A review was commissioned by the Chief Medical Officer of England owing to increasing concern about the ways in which patient information is used in the NHS in England and Wales and the need to ensure that confidentiality is not undermined. Such concern was largely due to the development of information technology in the service, and its capacity to disseminate information about patients rapidly and extensively. In 1996 guidance on “the protection and use of patient information” was promulgated and there was a need to promote awareness of it at all levels in the NHS. It did not affect Scotland originally but they have recently adopted it.

A main committee was set up under the Chair of Dame Fiona Caldicott and there were four separate working groups. Dame Fiona Caldicott was Principal of Somerville College, Oxford and consultant psychiatrist and Past President of the Royal College of Psychiatrists. Needless to say the committee was known as the Caldicott Committee. The Caldicott Committee terms of reference was to review all patient-identifiable information, which passes from NHS organisations to other NHS or non-NHS bodies for purposes other than direct care, medical research, or where there is a statutory requirement for information. The committee was to consider each flow of patient-identifiable information and was to advise the NHS Executive whether patient identification was justified by the purpose and whether action to minimise risks of breach of confidentiality was desirable—for example, reduction, elimination, or separate storage of items of information. Some 86 flows of patient-identifiable information were mapped relating to a wide range of planning, operational, or monitoring purposes. Within the context of current policy, all of the flows identified were for justifiable purposes. The Caldicott Report was published in December 1997.

The Caldicott Committee made a total of 16 recommendations, namely:

  • Recommendation 1: Every dataflow, current or proposed, should be tested against basis principles of good practice. Continuing flows should be retested regularly.

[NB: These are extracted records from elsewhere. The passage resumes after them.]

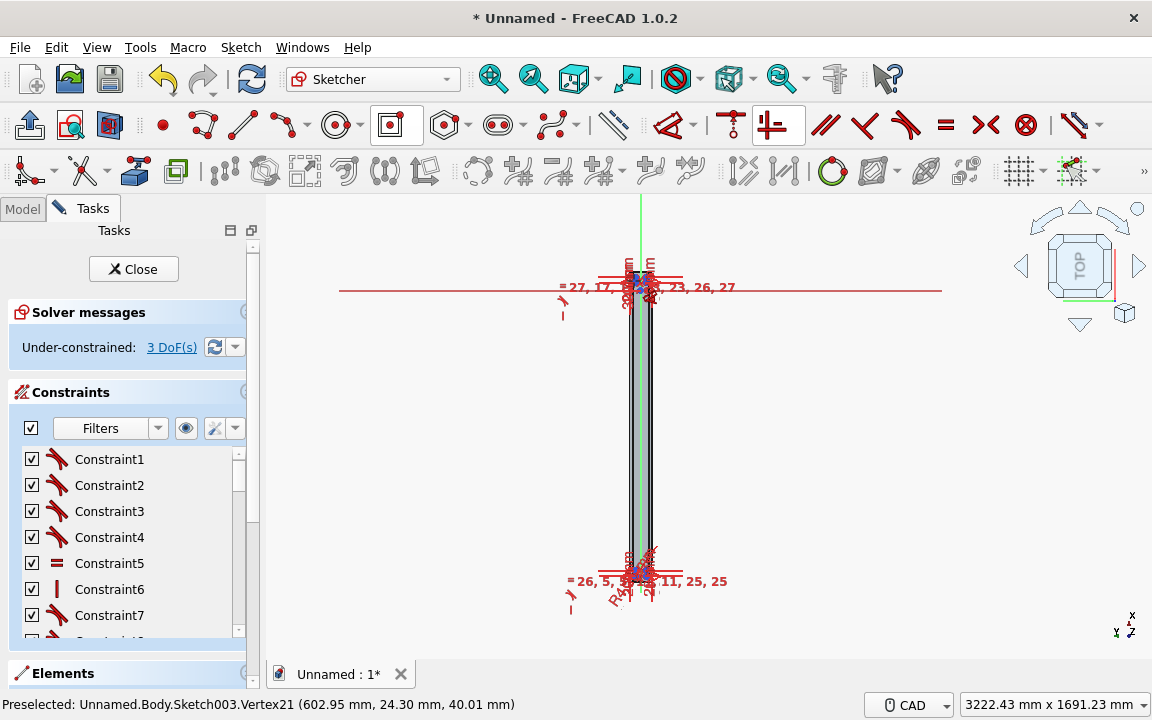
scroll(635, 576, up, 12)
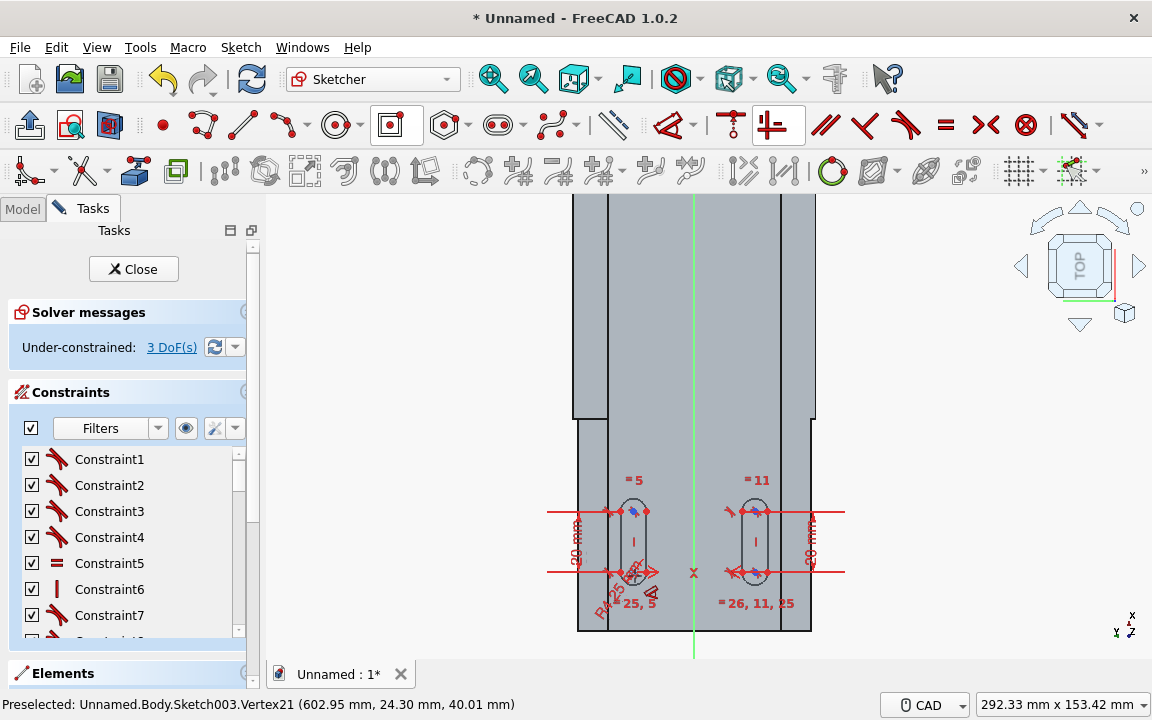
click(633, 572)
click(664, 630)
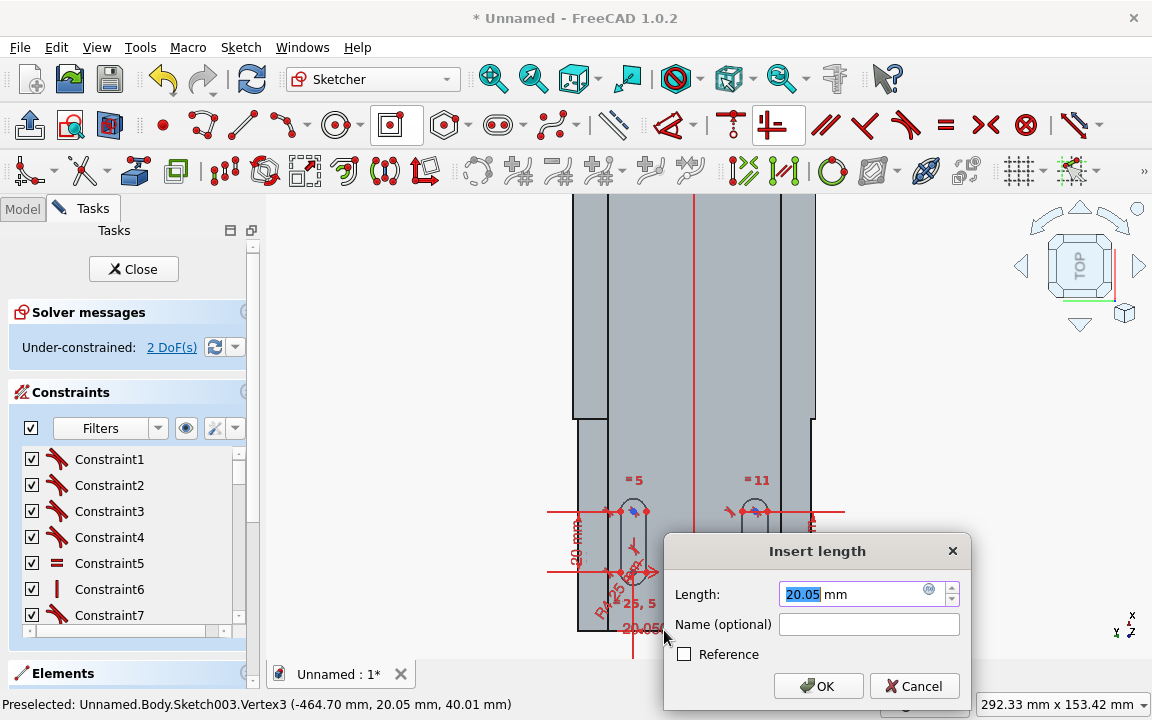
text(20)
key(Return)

  • Recommendation 2: A programme of work should be established to reinforce awareness of confidentiality and information security requirements among all staff within the NHS.

  • Recommendation 3: A senior person, preferably a health professional, should be nominated in each health organisation to act as a guardian, responsible for safeguarding the confidentiality of patient information.

  • Recommendation 4: Clear guidance should be provided for those individuals/bodes responsible for approving uses of patient-identifiable information.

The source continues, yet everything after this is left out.